Yet for all the talk of 'democratizing the industry' - yes, it's easy to just release on Bandcamp yourself - the cogs of the biz still prefer everything the old fashioned way - release schedules, booking agents, crunching numbers, etc. etc. plus ca change.

If you want to aim a bit higher than self-releasing CD-rs, or spending ungodly amounts on vinyl pressing from your own back pocket and then trying to shift copies any way you can, then you have to play the game a little - followers, plays, clicks, buzz - it's all still looked at, and you're still judged by it. Now all the blogs have died off, trying to get any kind of press attention for anything is akin to a Battle Royale style fight to the death - you've no chance of getting the serious heavy hitters like Pitchfork (which makes it even more strange that satan did indeed get a p4k review in 2009), so you have to scrabble for anything - and does it matter? Sort of, maybe, I don't know? I suppose you have to try something.

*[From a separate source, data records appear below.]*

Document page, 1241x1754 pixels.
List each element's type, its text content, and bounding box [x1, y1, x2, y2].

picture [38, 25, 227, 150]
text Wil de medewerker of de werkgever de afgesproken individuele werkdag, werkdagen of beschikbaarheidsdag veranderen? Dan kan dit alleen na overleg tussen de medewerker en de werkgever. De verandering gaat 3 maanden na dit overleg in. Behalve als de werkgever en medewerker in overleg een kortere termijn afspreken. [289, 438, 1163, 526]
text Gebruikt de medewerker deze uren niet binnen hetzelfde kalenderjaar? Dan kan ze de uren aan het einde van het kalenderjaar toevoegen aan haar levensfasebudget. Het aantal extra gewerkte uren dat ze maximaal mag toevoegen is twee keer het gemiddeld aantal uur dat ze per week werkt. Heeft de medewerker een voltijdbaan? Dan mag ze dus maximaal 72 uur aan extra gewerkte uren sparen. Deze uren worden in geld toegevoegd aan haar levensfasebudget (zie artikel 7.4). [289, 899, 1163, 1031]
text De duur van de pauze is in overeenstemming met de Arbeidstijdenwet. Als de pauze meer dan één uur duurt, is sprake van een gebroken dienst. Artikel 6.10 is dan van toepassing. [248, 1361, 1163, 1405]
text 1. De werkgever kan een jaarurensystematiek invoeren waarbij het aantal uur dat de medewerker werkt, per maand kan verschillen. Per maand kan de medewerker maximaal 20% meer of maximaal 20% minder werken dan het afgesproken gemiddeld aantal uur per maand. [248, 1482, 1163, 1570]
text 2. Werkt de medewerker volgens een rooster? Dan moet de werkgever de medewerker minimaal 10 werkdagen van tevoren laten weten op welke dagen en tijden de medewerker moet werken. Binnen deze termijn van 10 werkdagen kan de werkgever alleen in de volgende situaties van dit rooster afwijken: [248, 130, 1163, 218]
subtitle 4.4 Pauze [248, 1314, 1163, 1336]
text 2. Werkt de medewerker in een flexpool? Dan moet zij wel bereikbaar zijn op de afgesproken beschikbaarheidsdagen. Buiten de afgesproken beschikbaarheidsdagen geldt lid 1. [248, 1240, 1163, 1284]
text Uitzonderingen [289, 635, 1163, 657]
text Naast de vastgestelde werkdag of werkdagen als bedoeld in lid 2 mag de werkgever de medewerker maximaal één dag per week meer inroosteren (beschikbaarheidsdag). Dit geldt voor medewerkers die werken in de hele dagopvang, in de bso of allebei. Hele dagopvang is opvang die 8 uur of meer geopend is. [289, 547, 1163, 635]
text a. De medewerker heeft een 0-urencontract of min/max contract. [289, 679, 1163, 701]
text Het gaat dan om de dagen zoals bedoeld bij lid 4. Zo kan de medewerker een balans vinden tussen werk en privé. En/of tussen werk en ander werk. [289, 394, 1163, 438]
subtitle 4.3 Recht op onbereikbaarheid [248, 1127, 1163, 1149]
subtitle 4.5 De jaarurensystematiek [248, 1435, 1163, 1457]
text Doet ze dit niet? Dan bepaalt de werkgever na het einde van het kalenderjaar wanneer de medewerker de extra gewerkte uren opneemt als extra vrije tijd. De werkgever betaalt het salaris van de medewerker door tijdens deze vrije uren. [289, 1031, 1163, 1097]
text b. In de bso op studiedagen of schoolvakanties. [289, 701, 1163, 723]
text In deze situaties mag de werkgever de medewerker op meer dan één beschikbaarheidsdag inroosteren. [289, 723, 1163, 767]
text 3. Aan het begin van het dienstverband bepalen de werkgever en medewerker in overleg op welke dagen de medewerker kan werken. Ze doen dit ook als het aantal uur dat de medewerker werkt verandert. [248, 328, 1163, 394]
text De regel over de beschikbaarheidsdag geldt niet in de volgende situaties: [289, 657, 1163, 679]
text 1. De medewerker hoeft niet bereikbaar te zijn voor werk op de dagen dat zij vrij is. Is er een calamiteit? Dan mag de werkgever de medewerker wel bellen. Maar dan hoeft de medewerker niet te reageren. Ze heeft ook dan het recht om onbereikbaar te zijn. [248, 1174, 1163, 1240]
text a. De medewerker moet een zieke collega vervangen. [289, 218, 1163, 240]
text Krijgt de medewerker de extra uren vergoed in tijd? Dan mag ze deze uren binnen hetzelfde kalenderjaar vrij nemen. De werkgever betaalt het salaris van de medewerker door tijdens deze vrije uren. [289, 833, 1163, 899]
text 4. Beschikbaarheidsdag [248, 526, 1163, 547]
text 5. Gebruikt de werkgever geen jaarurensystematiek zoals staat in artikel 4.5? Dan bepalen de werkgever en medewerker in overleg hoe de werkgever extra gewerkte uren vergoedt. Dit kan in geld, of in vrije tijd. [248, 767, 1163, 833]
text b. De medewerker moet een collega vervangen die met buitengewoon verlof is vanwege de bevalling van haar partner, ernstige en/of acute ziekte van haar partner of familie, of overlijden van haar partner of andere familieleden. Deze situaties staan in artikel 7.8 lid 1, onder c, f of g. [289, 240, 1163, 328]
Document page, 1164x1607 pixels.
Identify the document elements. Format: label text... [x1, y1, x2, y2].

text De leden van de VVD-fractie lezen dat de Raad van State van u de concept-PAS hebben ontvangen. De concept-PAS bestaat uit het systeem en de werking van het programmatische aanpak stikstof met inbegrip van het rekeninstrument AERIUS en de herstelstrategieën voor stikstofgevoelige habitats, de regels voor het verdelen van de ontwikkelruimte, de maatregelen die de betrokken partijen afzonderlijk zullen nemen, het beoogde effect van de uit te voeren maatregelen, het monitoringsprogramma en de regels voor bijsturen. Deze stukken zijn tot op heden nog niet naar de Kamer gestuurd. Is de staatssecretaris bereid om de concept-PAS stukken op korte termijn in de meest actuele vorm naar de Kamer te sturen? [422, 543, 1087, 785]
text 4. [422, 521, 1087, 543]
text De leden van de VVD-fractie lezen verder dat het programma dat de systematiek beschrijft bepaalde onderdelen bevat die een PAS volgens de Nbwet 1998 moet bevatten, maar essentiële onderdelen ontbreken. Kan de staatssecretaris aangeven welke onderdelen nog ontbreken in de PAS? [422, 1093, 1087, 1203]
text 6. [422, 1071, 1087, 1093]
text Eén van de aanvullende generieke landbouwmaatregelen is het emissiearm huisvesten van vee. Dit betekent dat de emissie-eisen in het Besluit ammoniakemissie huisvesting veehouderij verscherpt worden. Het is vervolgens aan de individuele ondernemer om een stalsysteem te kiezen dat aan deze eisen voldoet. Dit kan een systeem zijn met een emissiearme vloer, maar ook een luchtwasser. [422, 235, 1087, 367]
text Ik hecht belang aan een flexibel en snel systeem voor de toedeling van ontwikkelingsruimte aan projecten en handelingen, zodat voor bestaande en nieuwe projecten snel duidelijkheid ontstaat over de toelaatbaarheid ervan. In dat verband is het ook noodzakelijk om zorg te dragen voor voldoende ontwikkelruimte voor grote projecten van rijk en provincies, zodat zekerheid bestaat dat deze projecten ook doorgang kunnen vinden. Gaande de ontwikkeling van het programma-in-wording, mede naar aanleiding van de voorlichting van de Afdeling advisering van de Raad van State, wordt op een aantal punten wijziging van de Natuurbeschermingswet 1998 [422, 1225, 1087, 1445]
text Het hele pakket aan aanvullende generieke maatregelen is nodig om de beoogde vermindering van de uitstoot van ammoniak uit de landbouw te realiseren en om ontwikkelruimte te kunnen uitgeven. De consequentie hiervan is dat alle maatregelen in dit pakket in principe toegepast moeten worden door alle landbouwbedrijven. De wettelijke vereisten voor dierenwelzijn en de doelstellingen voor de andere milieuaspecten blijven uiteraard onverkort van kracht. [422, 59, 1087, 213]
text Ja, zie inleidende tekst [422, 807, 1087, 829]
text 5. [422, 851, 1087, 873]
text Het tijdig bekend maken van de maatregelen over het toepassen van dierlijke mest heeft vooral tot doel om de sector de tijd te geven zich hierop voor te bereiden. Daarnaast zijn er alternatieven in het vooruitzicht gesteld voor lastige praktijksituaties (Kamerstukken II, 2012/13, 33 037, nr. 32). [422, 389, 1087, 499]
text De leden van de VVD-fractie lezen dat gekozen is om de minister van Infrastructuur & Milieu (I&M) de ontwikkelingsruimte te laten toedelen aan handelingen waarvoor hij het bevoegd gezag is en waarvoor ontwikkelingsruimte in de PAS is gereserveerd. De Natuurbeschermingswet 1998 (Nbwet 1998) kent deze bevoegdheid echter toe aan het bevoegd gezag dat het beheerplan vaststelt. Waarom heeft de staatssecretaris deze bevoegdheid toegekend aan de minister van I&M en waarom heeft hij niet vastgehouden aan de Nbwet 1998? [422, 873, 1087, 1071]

I remember an old manager of a band I was in once who said that a booking agent wouldn't look at us unless we had 10k fans on Facebook. I knew it was bollocks, even then, but I realised that's what you're dealing with - these people are obsessed with this stuff. It's not enough that you make the music, and you tour it, and do everything else, we've now also got to come up with a way of getting TEN THOUSAND people to sign up to our stupid FB page.

Socials aren't neccesarily bad, it's just our way of using them has devolved into such a mess that I don't know how anyone does it for a living. I'm not exactly a massive name, but I have my little corner of the biz and I'm happy to have it. I understand people will want to interact, and they understand I'll have to spam new records, new tours, etc. and that's fine. But sometimes you just have to cut this stuff out of your life and do something, literally anything, else.